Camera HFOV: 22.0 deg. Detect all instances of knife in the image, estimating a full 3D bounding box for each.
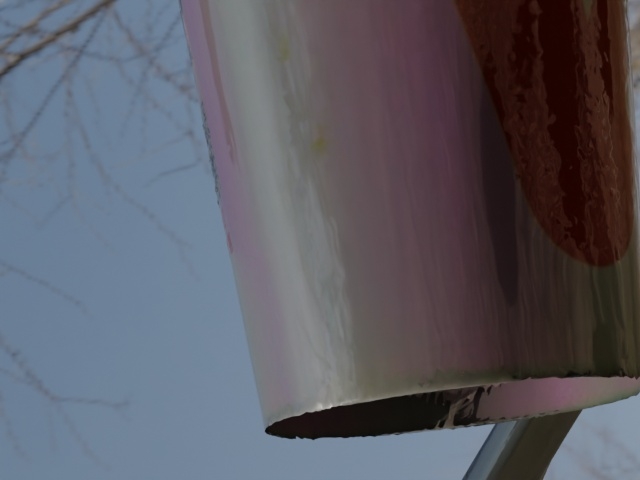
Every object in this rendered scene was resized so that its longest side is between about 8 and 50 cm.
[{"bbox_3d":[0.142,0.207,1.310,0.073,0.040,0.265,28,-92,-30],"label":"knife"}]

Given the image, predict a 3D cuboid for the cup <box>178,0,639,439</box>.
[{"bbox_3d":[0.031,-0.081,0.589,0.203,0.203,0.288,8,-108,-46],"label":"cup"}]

--

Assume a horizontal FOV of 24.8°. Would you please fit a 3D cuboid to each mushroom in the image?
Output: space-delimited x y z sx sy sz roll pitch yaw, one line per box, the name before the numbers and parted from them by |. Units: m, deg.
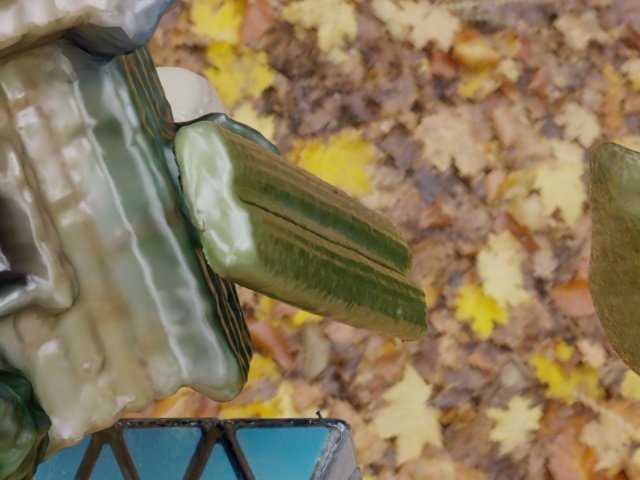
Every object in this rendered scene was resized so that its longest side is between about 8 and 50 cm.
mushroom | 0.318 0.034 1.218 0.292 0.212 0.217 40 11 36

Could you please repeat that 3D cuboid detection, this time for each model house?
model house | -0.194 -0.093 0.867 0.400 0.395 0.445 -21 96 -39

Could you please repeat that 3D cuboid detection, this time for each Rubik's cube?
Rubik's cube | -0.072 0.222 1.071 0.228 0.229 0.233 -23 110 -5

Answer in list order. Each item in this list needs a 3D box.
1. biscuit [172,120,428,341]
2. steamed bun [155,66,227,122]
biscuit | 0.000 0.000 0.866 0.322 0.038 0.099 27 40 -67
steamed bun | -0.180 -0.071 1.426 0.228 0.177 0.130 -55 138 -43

### WHAT THIS TASK INVOLVES:
Restate word for word the lines in the material above from the one with "each Rubik's cube?" to the one with "1. biscuit [172,120,428,341]"; both of those lines count, and nothing else does.

### SOLUTION FOR THIS PROBLEM:
Could you please repeat that 3D cuboid detection, this time for each Rubik's cube?
Rubik's cube | -0.072 0.222 1.071 0.228 0.229 0.233 -23 110 -5

Answer in list order. Each item in this list needs a 3D box.
1. biscuit [172,120,428,341]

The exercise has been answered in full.